— Requirement —
Working through the lines below, return each one that holds "with".

(Dataset items)
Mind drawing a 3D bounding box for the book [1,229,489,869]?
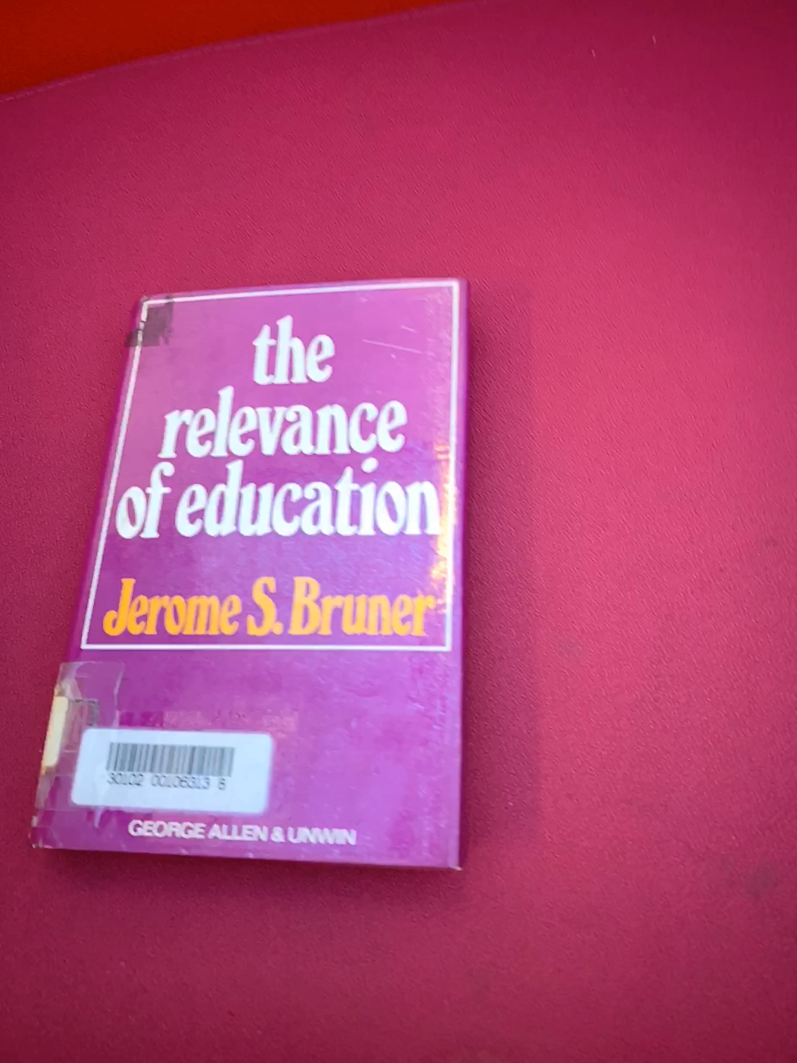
[{"bbox_3d":[-0.044,-0.003,0.308,0.150,0.040,0.231,0,69,9],"label":"book"}]
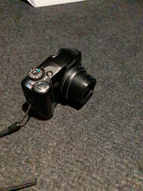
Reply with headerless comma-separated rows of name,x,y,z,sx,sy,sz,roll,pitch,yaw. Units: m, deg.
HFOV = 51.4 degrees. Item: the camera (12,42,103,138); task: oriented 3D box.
camera,-0.015,-0.012,0.231,0.070,0.079,0.108,29,56,21
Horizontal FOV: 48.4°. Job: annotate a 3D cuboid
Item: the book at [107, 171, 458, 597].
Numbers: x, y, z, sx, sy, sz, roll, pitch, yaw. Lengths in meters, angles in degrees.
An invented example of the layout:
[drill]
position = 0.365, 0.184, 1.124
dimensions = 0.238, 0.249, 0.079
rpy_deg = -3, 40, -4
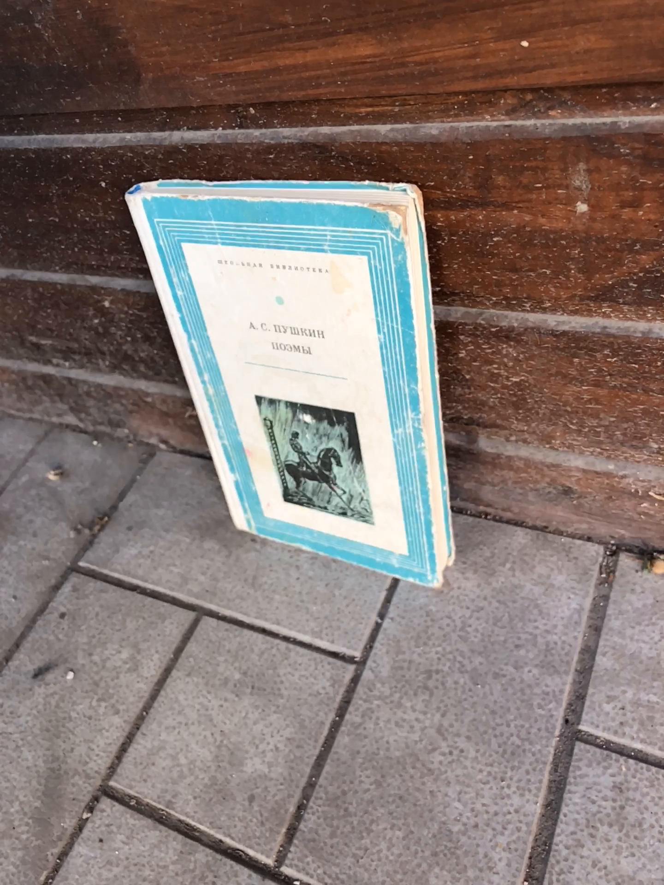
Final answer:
[book]
position = -0.014, -0.022, 0.336
dimensions = 0.130, 0.189, 0.030
rpy_deg = 12, 42, 27
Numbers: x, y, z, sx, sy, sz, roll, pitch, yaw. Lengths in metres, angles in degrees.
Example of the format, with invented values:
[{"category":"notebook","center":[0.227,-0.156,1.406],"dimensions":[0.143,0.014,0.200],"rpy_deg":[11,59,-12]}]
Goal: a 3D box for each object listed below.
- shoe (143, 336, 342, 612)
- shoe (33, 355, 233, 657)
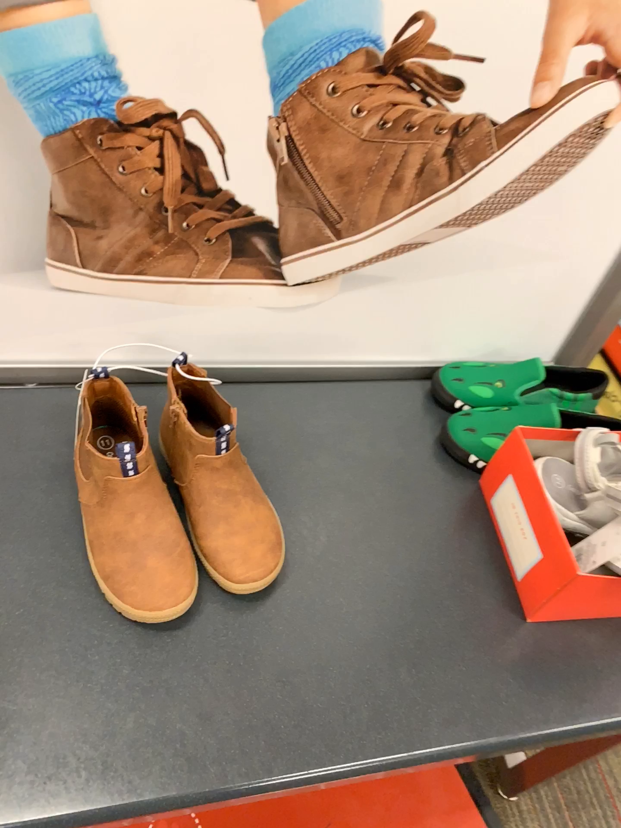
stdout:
[{"category":"shoe","center":[-0.066,0.042,0.526],"dimensions":[0.086,0.100,0.191],"rpy_deg":[-14,53,-25]},{"category":"shoe","center":[-0.140,0.062,0.487],"dimensions":[0.086,0.100,0.191],"rpy_deg":[-14,53,-25]}]
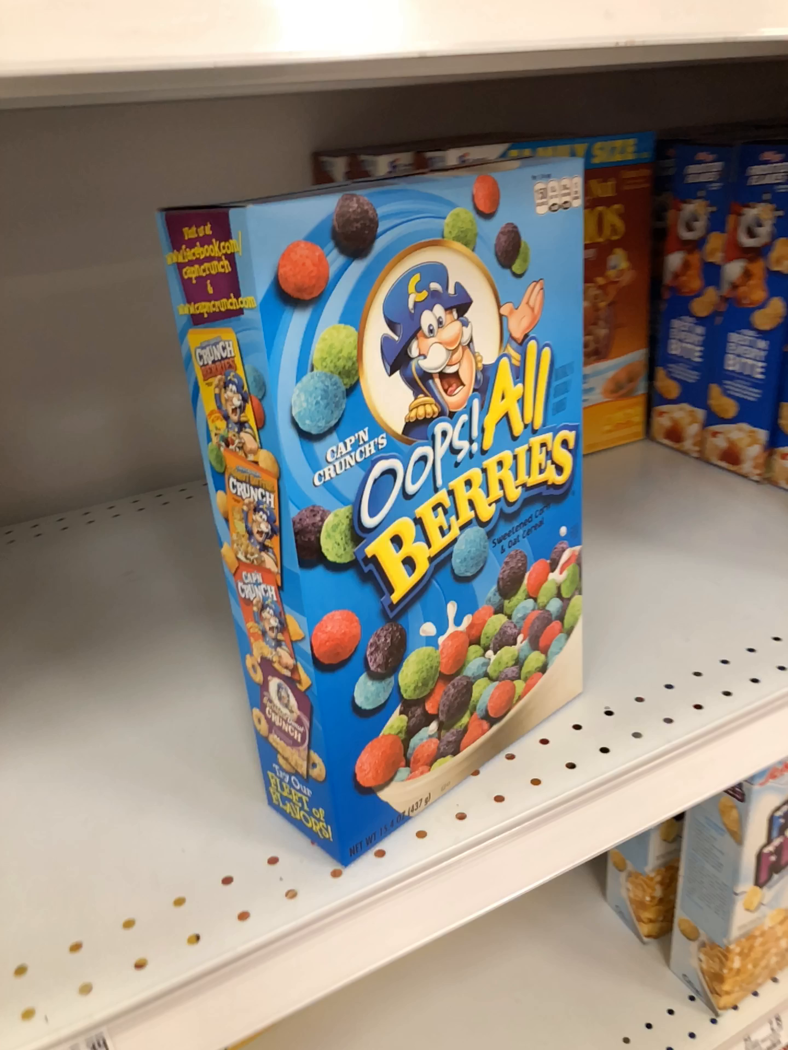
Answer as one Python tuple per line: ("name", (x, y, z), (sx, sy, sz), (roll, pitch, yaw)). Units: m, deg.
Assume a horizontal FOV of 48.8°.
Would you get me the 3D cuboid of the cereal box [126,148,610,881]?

— Your response —
Reply with headerless comma-separated rows of name,x,y,z,sx,sy,sz,roll,pitch,yaw. Units: m, deg.
Example of the format, with invented values:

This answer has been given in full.